Em meu livro, imagino uma conversa com Thomas Mann. Ele foi testemunha da crise de sua civilização, presenciou a crise da democracia e o surgimento do fascismo. Baseado em Schiller, adverte que os seres humanos possuem esta dupla natureza e ao mesmo tempo nos lembra de nossa nobreza de espírito.
Não existem atalhos, a vida humana é um trabalho árduo. Como disse Cícero, cultura animi philosophia, o cultivo da alma humana é a busca da sabedoria. Aqui está o cerne do problema. Não há mais cultura. Ninguém quer mais acreditar na alma. Ninguém mais fala de sabedoria. Não percebemos que a vida é busca. E é o mundo do humanismo que oferece o centro para evitar o fanatismo e qualquer forma de extremismo.
Do que é feito esse humanismo? Das ideias do Iluminismo já despojadas de sua fé absoluta no progresso? De princípios religiosos?

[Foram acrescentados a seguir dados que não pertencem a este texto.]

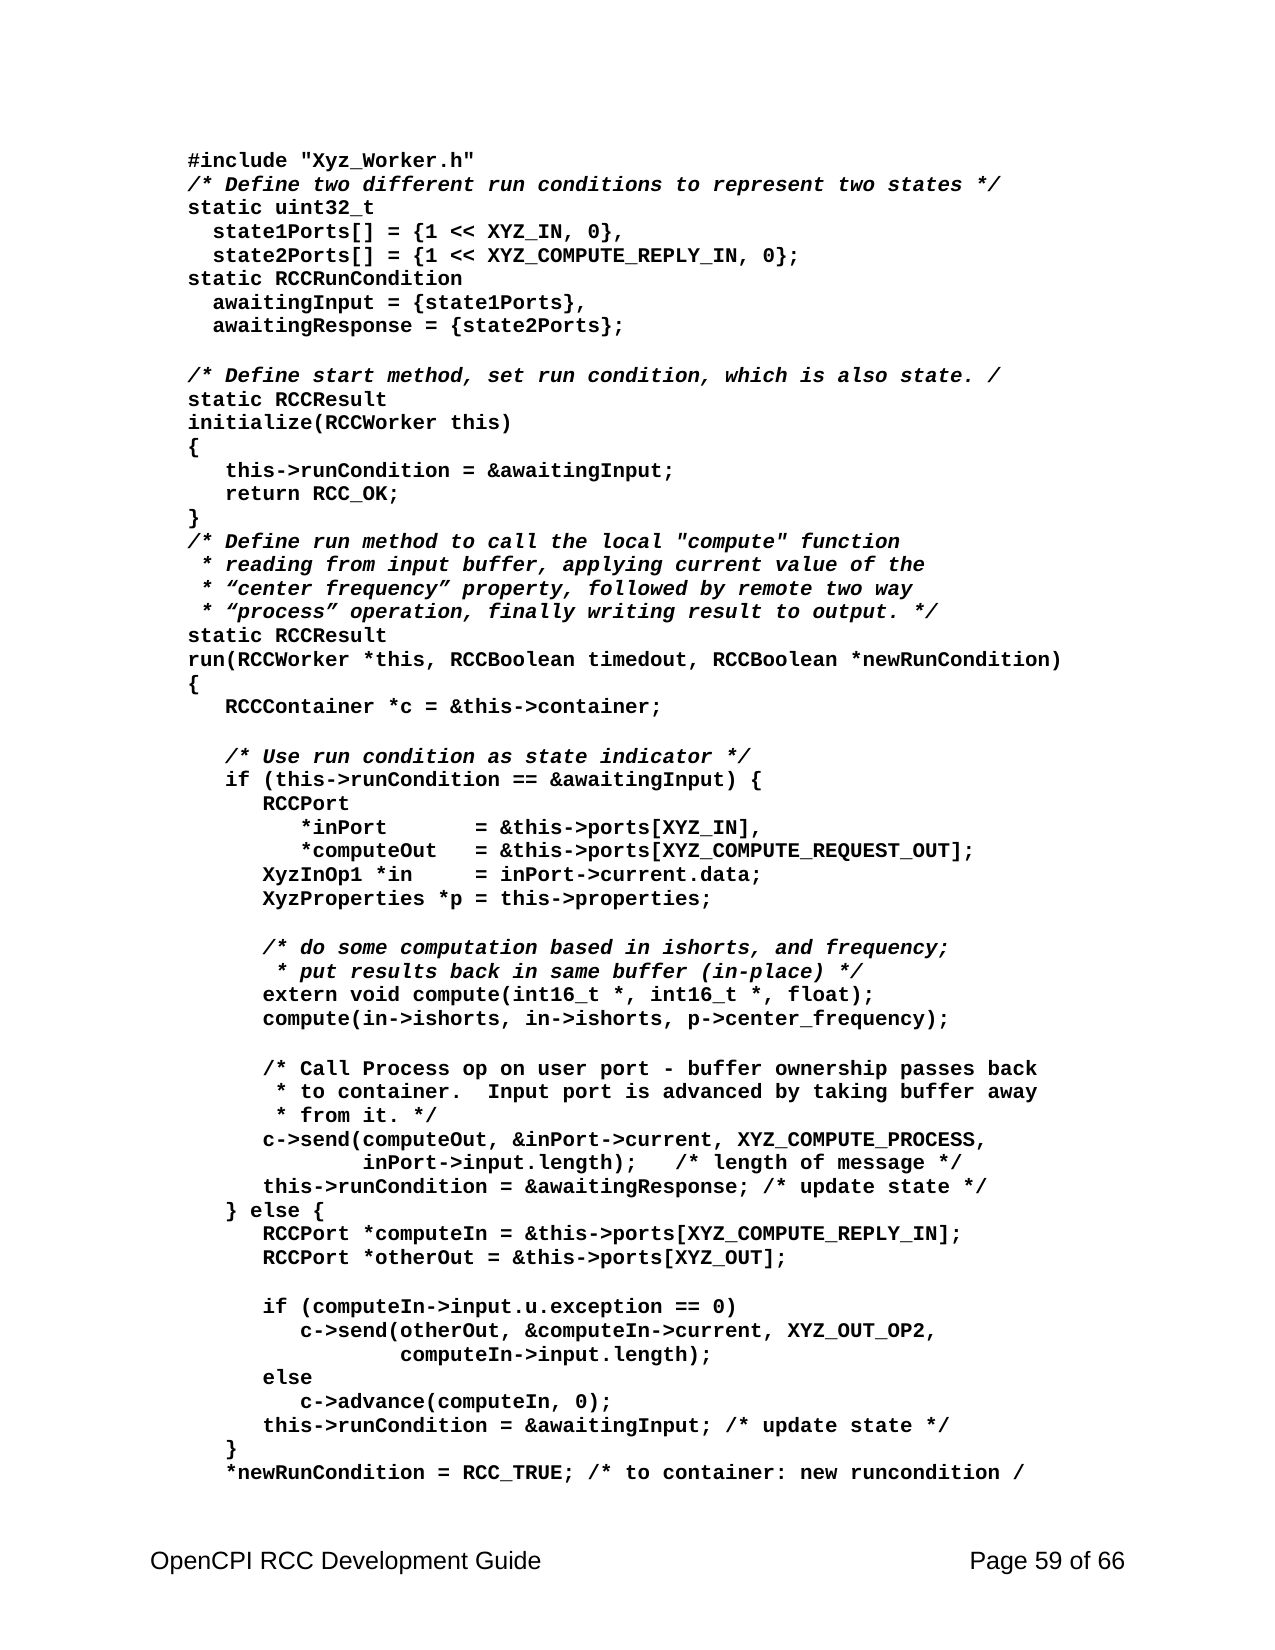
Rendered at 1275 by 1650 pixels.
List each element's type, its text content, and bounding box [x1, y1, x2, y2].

text #include "Xyz_Worker.h" /* Define two different run conditions to represent two states */ static uint32_t state1Ports[] = {1 << XYZ_IN, 0}, state2Ports[] = {1 << XYZ_COMPUTE_REPLY_IN, 0}; static RCCRunCondition awaitingInput = {state1Ports}, awaitingResponse = {state2Ports}; /* Define start method, set run condition, which is also state. / static RCCResult initialize(RCCWorker this) { this->runCondition = &awaitingInput; return RCC_OK; } /* Define run method to call the local "compute" function * reading from input buffer, applying current value of the * “center frequency” property, followed by remote two way * “process” operation, finally writing result to output. */ static RCCResult run(RCCWorker *this, RCCBoolean timedout, RCCBoolean *newRunCondition) { RCCContainer *c = &this->container; /* Use run condition as state indicator */ if (this->runCondition == &awaitingInput) { RCCPort *inPort = &this->ports[XYZ_IN], *computeOut = &this->ports[XYZ_COMPUTE_REQUEST_OUT]; XyzInOp1 *in = inPort->current.data; XyzProperties *p = this->properties; /* do some computation based in ishorts, and frequency; * put results back in same buffer (in-place) */ extern void compute(int16_t *, int16_t *, float); compute(in->ishorts, in->ishorts, p->center_frequency); /* Call Process op on user port - buffer ownership passes back * to container. Input port is advanced by taking buffer away * from it. */ c->send(computeOut, &inPort->current, XYZ_COMPUTE_PROCESS, inPort->input.length); /* length of message */ this->runCondition = &awaitingResponse; /* update state */ } else { RCCPort *computeIn = &this->ports[XYZ_COMPUTE_REPLY_IN]; RCCPort *otherOut = &this->ports[XYZ_OUT]; if (computeIn->input.u.exception == 0) c->send(otherOut, &computeIn->current, XYZ_OUT_OP2, computeIn->input.length); else c->advance(computeIn, 0); this->runCondition = &awaitingInput; /* update state */ } *newRunCondition = RCC_TRUE; /* to container: new runcondition / [187, 150, 1125, 1486]

O humanismo é a tradição que leva a sério a ideia de ser humano. Por isso, para mim, o humanismo começa com Sócrates e as perguntas fundamentais: o que é uma vida boa? O que é uma sociedade boa? Dessas inquietações surgem os valores morais. E esses valores devem ser transcendentais, espirituais, porque não somos robôs, não somos máquinas, não podemos substituir qualidade por quantidade. Só os valores que são transcendentais podem ser universais, verdadeiros para todos. O que significa que o humanismo tem raízes religiosas.
Nossa vida é a tentativa constante, até o final, de nos tornarmos seres humanos melhores do que somos. E a tentativa de encontrar respostas aos enigmas da vida em meio às escolhas cotidianas. Isto inclui o tipo de sociedade que queremos. Aí reside a beleza da vida. Mann falou de um humanismo militante para enfrentar as forças que querem destruí-lo. Hoje, essas forças são o eterno fascismo e o que poderíamos chamar de tecnofascismo.
Como seria um humanismo militante?
Não é que deveríamos fazer parte da polarização, mas, sim, da força que expõe as mentiras. As mentiras dos demagogos, a mentira de que as crianças não precisam mais ler livros porque têm as redes sociais, a mentira de nos afogarmos no entretenimento, enquanto esquecemos as inspirações, a mentira de que não precisamos investir na cultura porque não é prática.
A essência do humanismo é proteger a dignidade de cada ser humano. E o modelo político do humanismo é uma democracia em que as pessoas das mais diferentes origens possam viver em harmonia porque compartilham valores fundamentais. Uma sociedade capaz de proteger o que é vulnerável: as crianças, os idosos, os doentes, os desempregados... até os animais e a Mãe Terra são vulneráveis, assim, são protegidos.
Em seu livro, diz que a academia e as universidades são hoje baluartes da estupidez. O assunto é tão grave assim?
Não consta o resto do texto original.